Lets start a fresh "MegaScale AWES Concepts" review, which perhaps needed the NZ debacle as a wake-up call to motivate the exercise,

daveS
Group: AirborneWindEnergy Message: 7038 From: dave santos Date: 9/13/2012
Subject: Makani had already answered?! //Re: [AWES] Re: Status
Robert,

You wrote- "Makani had already answered the question you asked."

So where did they answer this? 

I only personally discovered the answer by reasoning from my aviation knowledge and experience, then studying the videos closely for small clues. The PR narrative represented a very different impression. Corwin's public admission confirmed my theory.

Lets all wish you can always provide sources for your amazing assertions of fact,

daveS
Group: AirborneWindEnergy Message: 7039 From: Joe Faust Date: 9/13/2012
Subject: "MegaScale AWES Concepts" review
"MegaScale AWES Concepts" review

This topic thread aims to review the AWES space
for its MegaScale-AWES concepts.   

All earth is invited to bring forward fit matter to topic. 

Describe the mega scale of AWES that otherwise may be being explored at handy  scales. 
Thing BIG, LARGE, GRAND.    We have some fit matter in group and out of group. Link 
when you can, but review even without the links.  Governments and investors as well as
developers should be blessed with this thread!   Be not timid even to go beyond utility-scale AWES. 
Review the nation-scale AWES and even the Whole-earth AWES space. 

Please watch topic-starting titles; post replies to titles; 
if you feel your post would be best served by a new topic title, then 
please form the new topic, so others may best support your focus. 
Group: AirborneWindEnergy Message: 7040 From: Robert Copcutt Date: 9/13/2012
Subject: Re: Oscillating arch kite AWES
I think the kite or balloon pulling up at the centre spoils an otherwise
promising idea. The Kitelab videos already show the arc is easy to
launch by lifting the centre with a pole.
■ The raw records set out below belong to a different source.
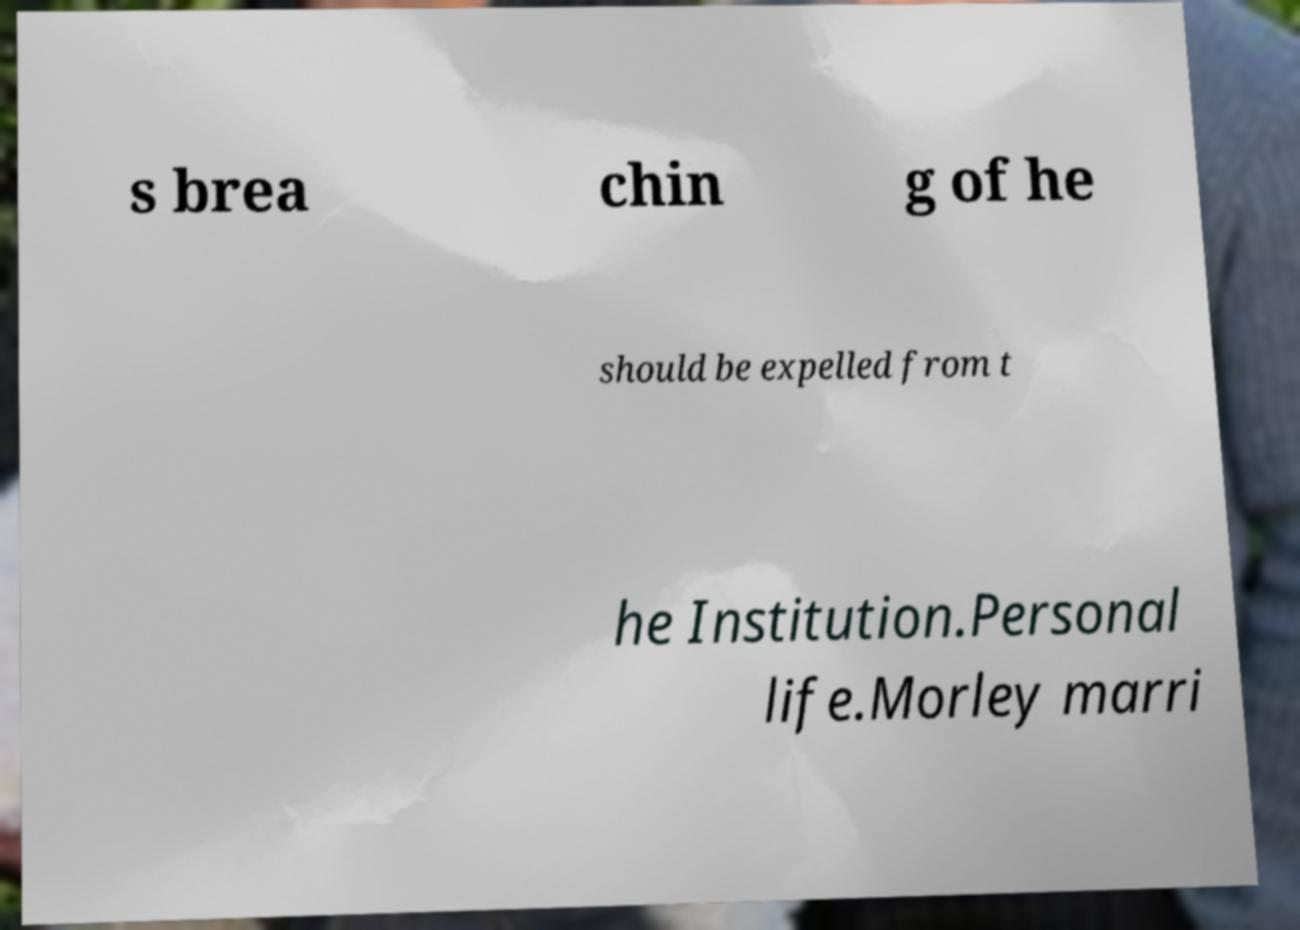There's text embedded in this image that I need extracted. Can you transcribe it verbatim? s brea chin g of he should be expelled from t he Institution.Personal life.Morley marri 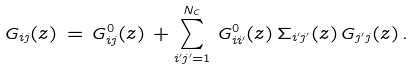Convert formula to latex. <formula><loc_0><loc_0><loc_500><loc_500>G _ { i j } ( z ) \, = \, G ^ { 0 } _ { i j } ( z ) \, + \sum _ { i ^ { \prime } j ^ { \prime } = 1 } ^ { N _ { C } } \, G ^ { 0 } _ { i i ^ { \prime } } ( z ) \, \Sigma _ { i ^ { \prime } j ^ { \prime } } ( z ) \, G _ { j ^ { \prime } j } ( z ) \, .</formula> 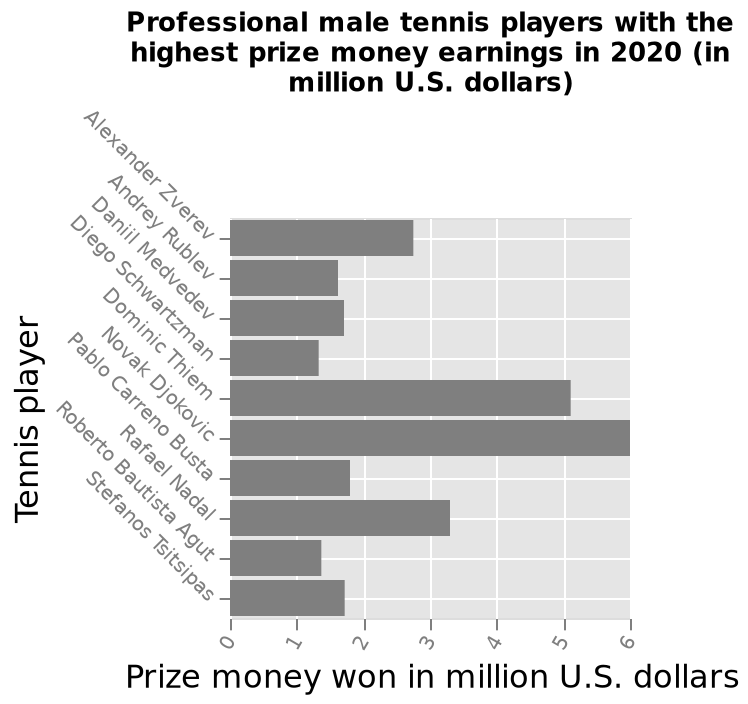<image>
What year does the bar plot data represent? The bar plot data represents the highest prize money earnings for professional male tennis players in 2020. Who had the highest prize money earnings in 2020?  Novak Djokovic What does the x-axis represent in the bar plot? The x-axis represents the prize money won in million U.S. dollars, with a range from 0 to 6. How many categories are represented on the y-axis of the bar plot? There are multiple categories represented on the y-axis, each corresponding to a different professional male tennis player. What does the y-axis represent in the bar plot? The y-axis represents the tennis players, with Alexander Zverev as the starting point and Stefanos Tsitsipas as the ending point. How much higher than the average prize money earnings was Novak Djokovic's earnings in 2020?  $3.45m 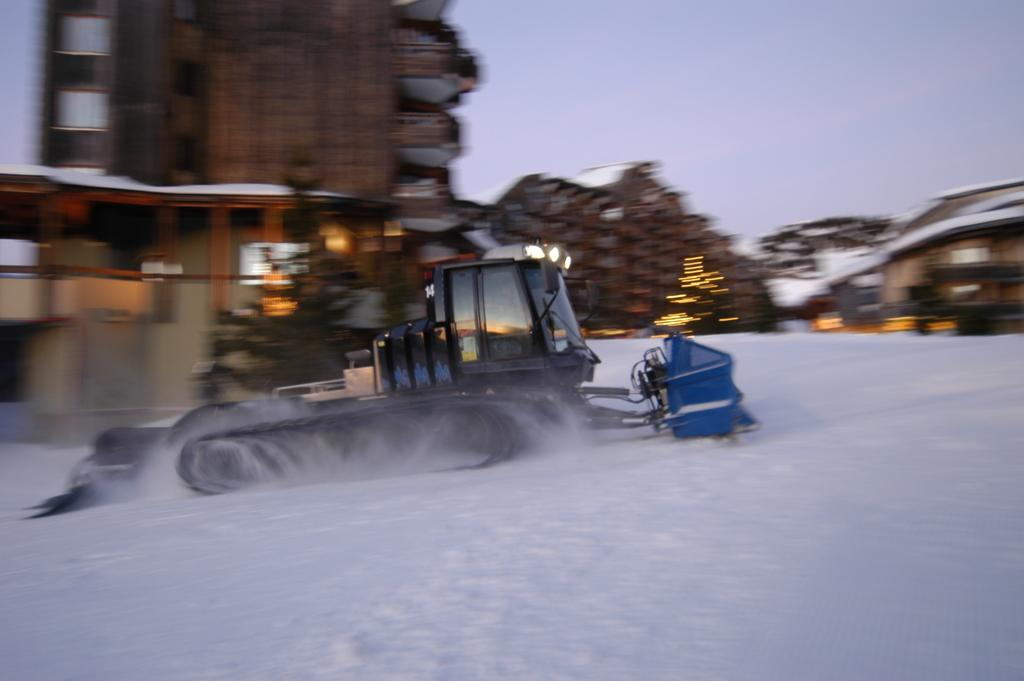What is the main subject of the image? There is a vehicle in the image. What is the condition of the ground beneath the vehicle? The vehicle is on the snow. What can be seen in the distance behind the vehicle? There are buildings and lights visible in the background of the image. What is the appearance of the sky in the image? The sky is visible in the background of the image. How would you describe the quality of the background in the image? The background is blurry. What type of breakfast is being served in the image? There is no breakfast present in the image; it features a vehicle on the snow with a blurry background. How does the dust affect the visibility of the vehicle in the image? There is no dust present in the image, so it does not affect the visibility of the vehicle. 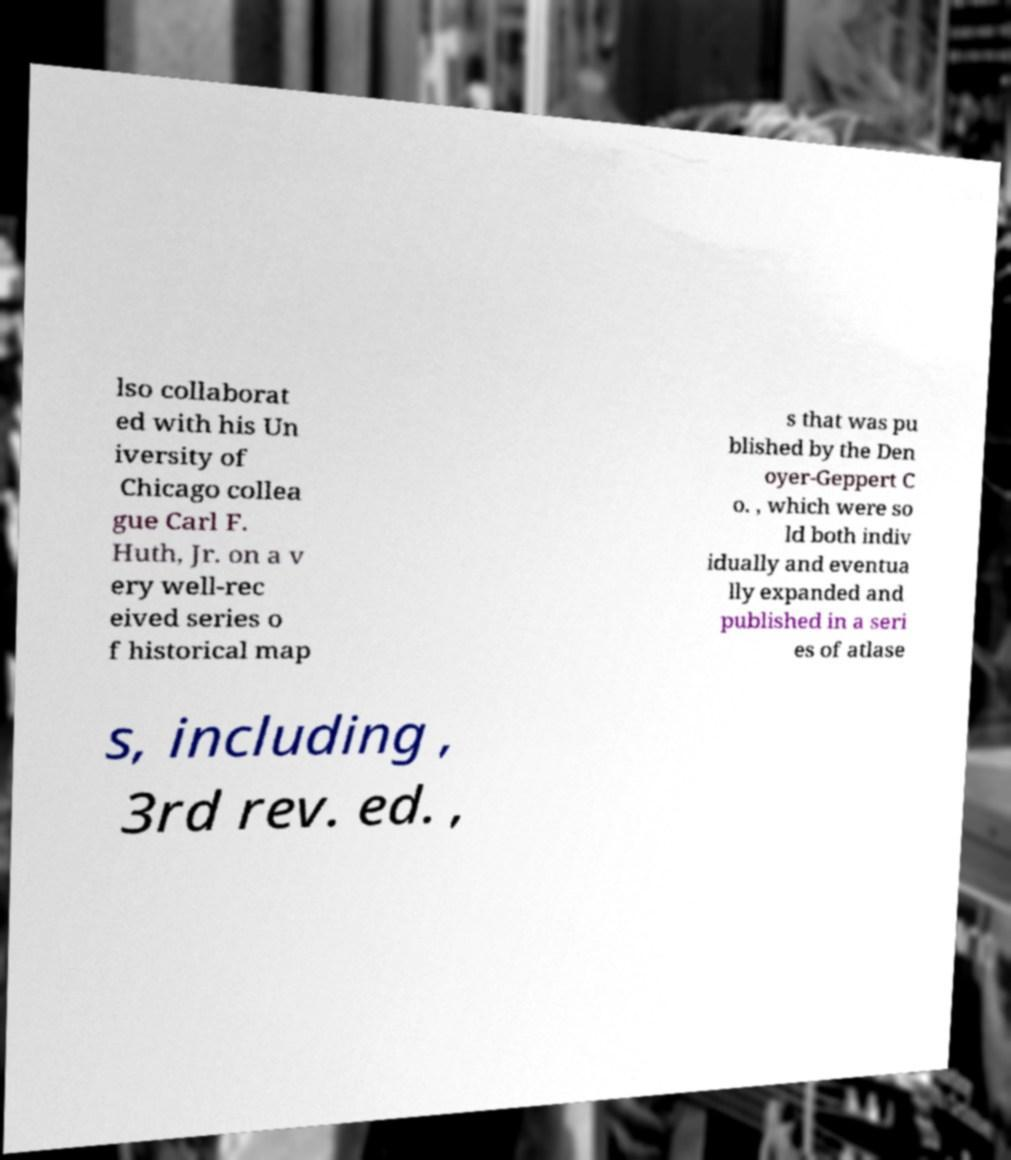Please read and relay the text visible in this image. What does it say? lso collaborat ed with his Un iversity of Chicago collea gue Carl F. Huth, Jr. on a v ery well-rec eived series o f historical map s that was pu blished by the Den oyer-Geppert C o. , which were so ld both indiv idually and eventua lly expanded and published in a seri es of atlase s, including , 3rd rev. ed. ,

Group: AirborneWindEnergy Message: 7041 From: dave santos Date: 9/13/2012
Subject: Re: "MegaScale AWES Concepts" review

Please add to this list, and make corrections, add citations, etc.

Lets start with those concepts by serious engineering minds with a documented history.

Graham Bell's Cellular Kites
LadderMill (Doug;s and TUDelft)
Carousel (1st and 2nd gen concepts)
OrthoKite Bunch
SeaAWES? (PierreB)
Roddy's Rings
Doug's Rotor Trains
Harry's Winged Cableways
Grant's Traction Rotor Trains
Wayne German's "Vertical Blinds"
KiteLab's Arches and 3D Lattices
Dr (?) of the Netherlands Offshore Gigawatt-scale AWT
The Korean Giant Parafoil Ships
SkySails/KiteShip (displace bunker-diesel)
Tracks (German NTS?)
SpiderMill

One common idea emerges- the ganging of many smaller elements into vast crosslinked arrays. 

Exceptions-

The Korean variant is based on a single giant parafoil, but such a wing would be made of many cells.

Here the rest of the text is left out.